Furthermore, the fact that viruses such as COVID-19 does not contain SOD may be important in this respect.

The authors of the research on COVID-19 endothelial cell injury [33] also state ‘early identification of endotheliopathy and strategies to mitigate its progression might improve outcomes in COVID-19′. Given the article of Zastrow et al. [28] on human skin indicating photolytically generated radicals can reach the blood and the fact that blood irradiation was used in the 1940s and 50 s to treat patients with pneumonia, TB, sepsis and asthma (among other diseases) [34], it seems feasible to hypothesise that phototherapy could ease endotheliopathy due to COVID-19 and, in general, that those with paler skins may need lower levels of light to generate beneficial effects.

Additionally, very old work by Knott [35] suggested that at least some of the beneficial effects of UV skin irradiation could be due to direct irradiation of the blood circulating in the skin’s capillaries. Whilst this effect may not be directly related to any radical production from melanin, the amount of light penetrating paler skins is higher [9] meaning more will be able to reach the bloodstream.

3 C- and S-based radicals

PM, like EM is a huge polymeric molecule with many thousands of monomer units. While little is known about the molecular processes following light and near UV absorption [18], it is destroyed. Breakage, and subsequent cross linking, of just one C–C or C-S bond can itself lead to many thousands of products depending on where the photolysis occurs. Subsequent photolysis, over and over, would end up with a substantial number of the molecular units which are the precursors of the PM such as 5-S-cysteinyldopa (HO)2RC6H2SCH2CH(COO-)NH3+. It was established over 40 years ago that the concentration of this species in the serum increases by 100–300% in fair skinned humans following exposure to sunlight [36]. The primary photochemical events in 5-SCD photolysis generates sulphur [(HO)2RC6H2S] radicals and carbon [(CH2CH(COO −)NH3+] radicals. Both these are likely to form reactive peroxyl radicals via molecular oxygen addition. The sulphur containing thiyl and thiyl-sulphonyl radicals can readily initiate lipid peroxidation and can also form long-lived, resonance stabilised adducts with organic bio-substrates species [37]. We suggest such reactive sulphur based radicals may damage lipid bilayers assisting the escape of smaller reactive species such as O2•− and possibly species generated via iron catalysed Fenton chemistry, to escape into the blood stream.

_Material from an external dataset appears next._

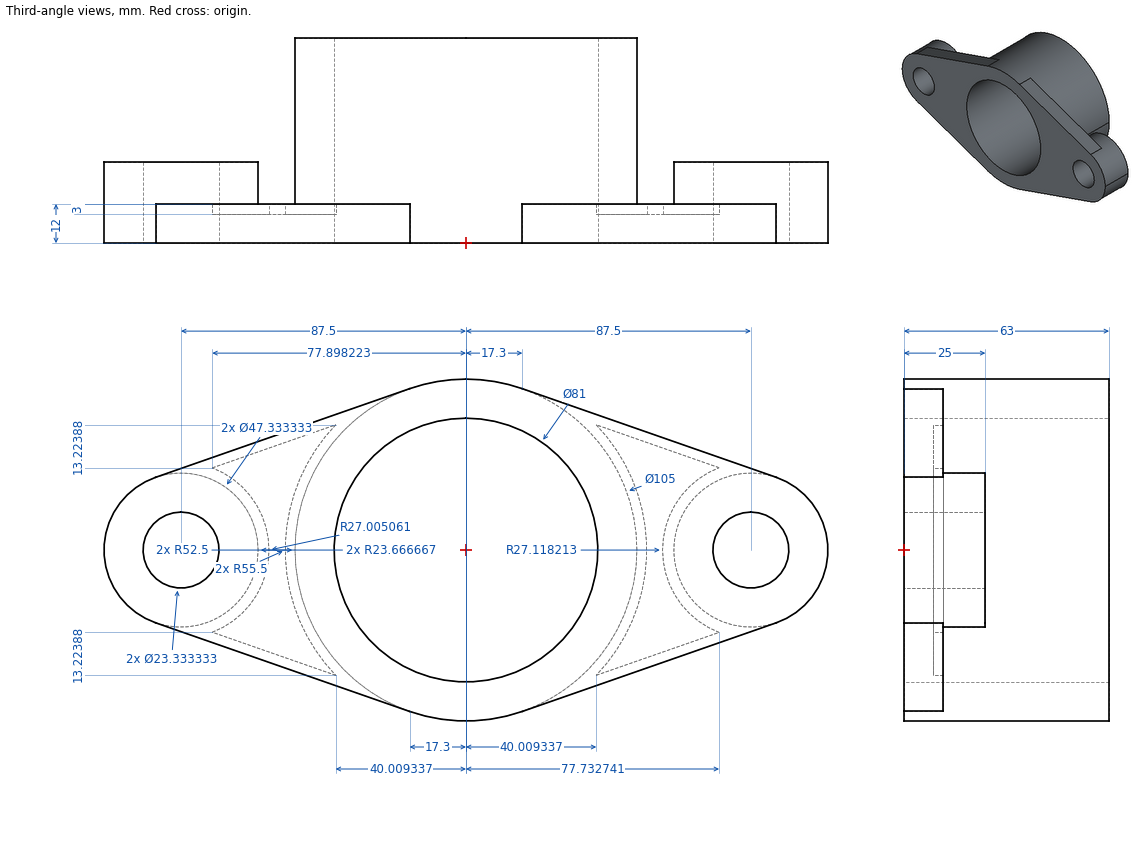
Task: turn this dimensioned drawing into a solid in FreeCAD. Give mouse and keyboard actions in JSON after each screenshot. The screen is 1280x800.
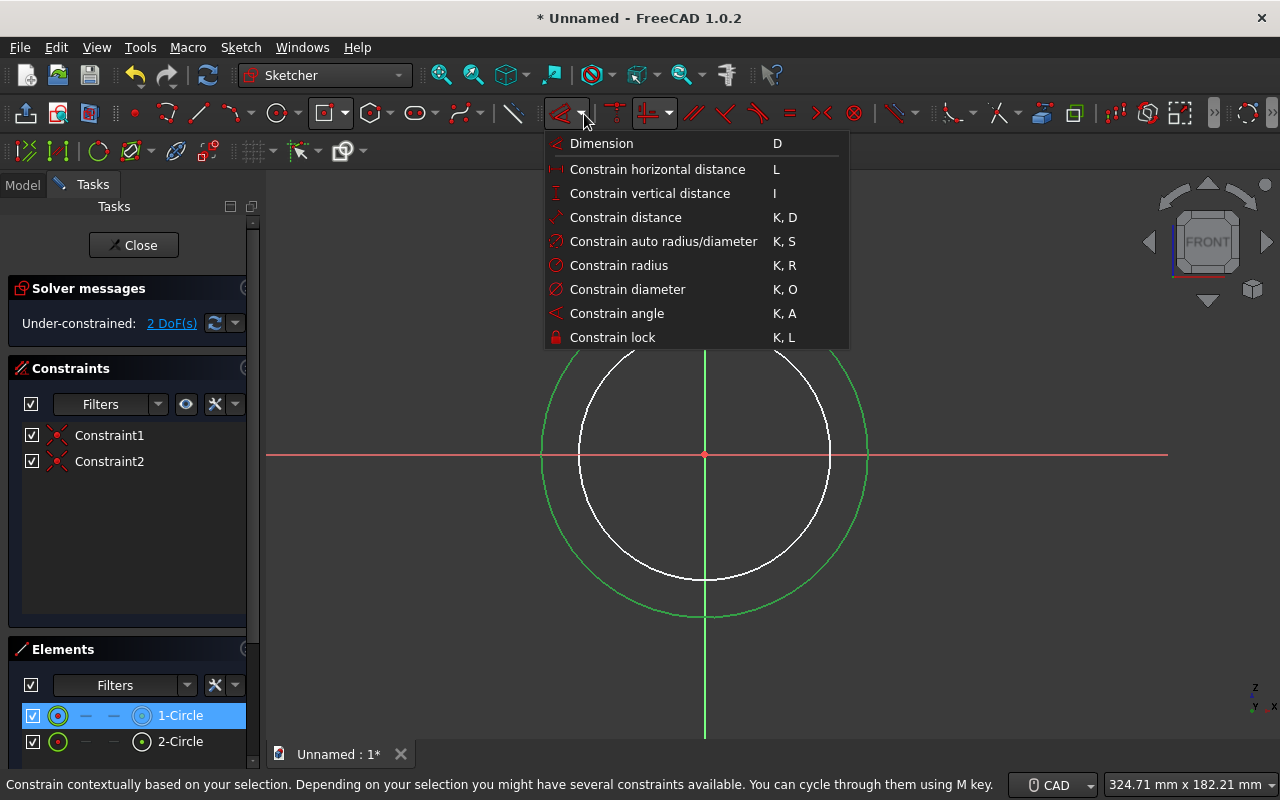
{"action": "left_click", "coordinate": [697, 289]}

In this hypothesis we are not concerned with comparing the detailed mechanism of specific ROS with EM and PM [18] nor with mechanisms which may lead to the destruction of the COVID-19 virus. Rather, we have suggested virus-damaging ROS can arise from skin melanins via several distinct routes. Furthermore, it may be noted (i) there are claims that smoking, which leads to the production of free radicals, may reduce COVID-19 infection risk [38] and (ii) the COVID-19 spikes are rich in cysteine [39,40,41] and this amino acid is readily destroyed by ROS, such as singlet oxygen and O2•−.

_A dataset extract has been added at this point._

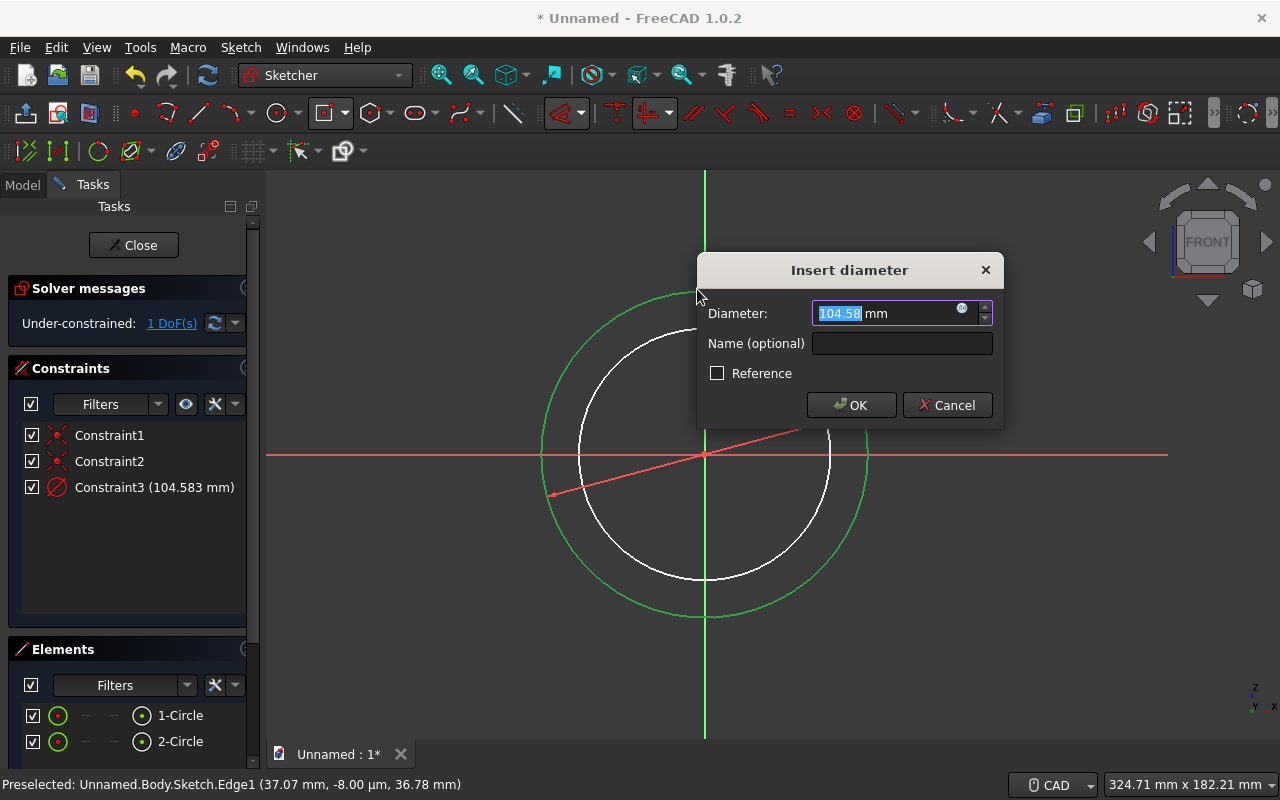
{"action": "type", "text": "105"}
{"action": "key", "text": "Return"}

Overall, taking a simplistic view, it may appear counter-intuitive that skin photo-protection and reduced damaging pro-oxidative species from eumelanin photochemistry may be linked to the increased severity of COVID-19 in dark skinned BAME. However, whatever the precise molecular mechanism leading to partial protection from the COVID-19 virus for fair-skinned individuals, we propose this may arise from the reactive species generated from PM photolysis and rearrangement, with deeper light penetration for people with skin types I-III (fair-skinned), in contrast to low light penetration in people with skin types IV–V (dark-skinned) and virtually none at all in those with Type VI black skin. We noteFootnote 1 that native Americans have high PM content in their skin and from CDC data (Centers for Disease Control and Prevention), although the number of coronavirus cases per 100,000 in American Indian or Alaskan natives is 2.8 times higher than for the US white population, the death rate per 100,000 is only 1.4 × higher. This is compared to a 2.6 times higher case rate for Black and African Americans with a 2.1 times higher death rate [42].

In conclusion, we suggest that photochemistry should be considered as a mechanism for the ethnicity links to COVID-19.